These events, of course, impacted not only European colonists and North American maps drawn in Europe, but also American Indian peoples living in all corners of what became the United States. Beginning in the middle of the 17th century, growing European colonies, exploration, and an ever-expanding fur trade set people in motion and up-ended the status quo. Minnesota’s unique position at the western edge of the Great Lakes and that it contained the starting point of the Mississippi River made the area particularly important throughout this period. Not only did Minnesota’s geography and resources draw European explorers and traders to the area, but diplomats repeatedly used the Mississippi River as a political dividing point on their ever-changing maps.

Prior to this epic quest for empire, we do know that Viking mariners from Scandinavia established a short-lived settlement in what is today Newfoundland, Canada around 1021 CE. An imaginative theory suggesting that Vikings reached Minnesota in the 1362 is unlikely, but continues to be debated. By the 17th century, the western Great Lakes, including what would become Minnesota, was claimed by France as they strove to convert indigenous peoples to Catholicism, explore the region, and extend a lucrative fur trade. This fur trade and ballooning English colonies in New England pushed people into motion and, among other things, helped encourage the Ojibwe to continue their migration from northern sections of the Atlantic seaboard into the western sections of the Great Lakes region then inhabited by the Dakota. After the French defeat in the French and Indian War in 1763, territory east of the Mississippi River pasted to Great Britain, and lands west of the river passed to Spain.

Minnesota Vikings?

Section Highlights

  • Vikings established a short-lived settlement in what is today Newfoundland, Canada around 1021 CE.
  • Olof Ohman claimed to have discovered a runestone near Kensington, MN in 1898, that he argued proved that the Vikings had reached Minnesota in 1362.
  • While debate continues, it is unlikely that the runestone is authentic.

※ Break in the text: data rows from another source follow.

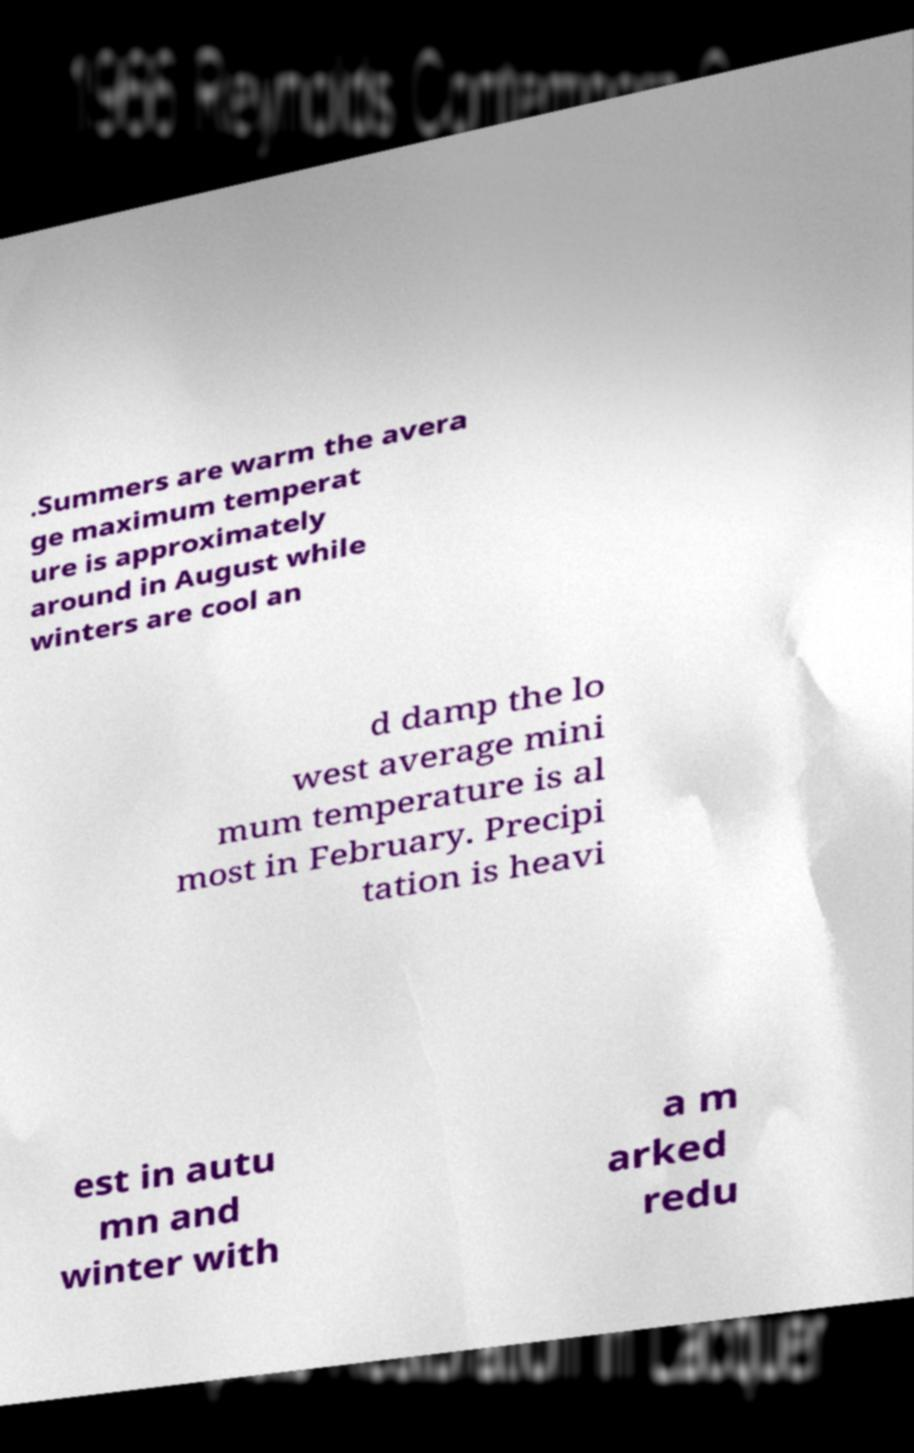Can you accurately transcribe the text from the provided image for me? .Summers are warm the avera ge maximum temperat ure is approximately around in August while winters are cool an d damp the lo west average mini mum temperature is al most in February. Precipi tation is heavi est in autu mn and winter with a m arked redu 
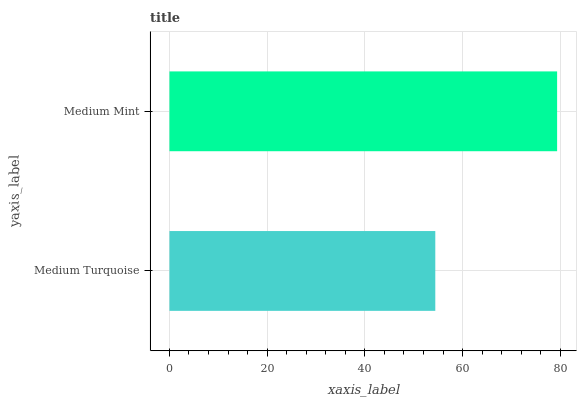Is Medium Turquoise the minimum?
Answer yes or no. Yes. Is Medium Mint the maximum?
Answer yes or no. Yes. Is Medium Mint the minimum?
Answer yes or no. No. Is Medium Mint greater than Medium Turquoise?
Answer yes or no. Yes. Is Medium Turquoise less than Medium Mint?
Answer yes or no. Yes. Is Medium Turquoise greater than Medium Mint?
Answer yes or no. No. Is Medium Mint less than Medium Turquoise?
Answer yes or no. No. Is Medium Mint the high median?
Answer yes or no. Yes. Is Medium Turquoise the low median?
Answer yes or no. Yes. Is Medium Turquoise the high median?
Answer yes or no. No. Is Medium Mint the low median?
Answer yes or no. No.

While Christopher Columbus became one of the most important figures in world history when he reached the Caribbean in 1492, he was not the first explorer from the east to arrive in the Americas. During the opening decades of the 11th century, Viking explorers sailing west from their settlements in Greenland reached the northeastern portions of present-day Canada. While Viking sagas had long mentioned various accounts of short-lived Norse settlements in North America, it was not until the 1960s that archeological evidence corroborated Vikings legends and provided convincing evidence. Today, historians and archeologists agree that Viking explorers and settlers had established a small colony on the northernmost shore of Newfoundland, Canada by 1021 CE that endured for some 15 years.

In 1898, long before scholars begrudgingly agreed that the Vikings had indeed beat Columbus to the Americas, Olof Ohman and his 10-year-old son uncovered what they claimed was evidence that Norse explorers had found their way to Minnesota in 1362. As they worked to expand their farm field near Kensington, they claimed to have found a runestone, similar to ones Viking explorers had left in the British Isles and all over Europe, with an inscription that read:

We are eight Goths and 22 Norwegians on an exploration journey from Vineland through the West. We had a camp by a lake two day’s journey north from this stone. We were out and fished one day. After we came home we found 10 of our men red with blood and dead. AVM save us from evil. We have 10 of our party by the sea to look after our ships, 14 day’s journey from this island.[1]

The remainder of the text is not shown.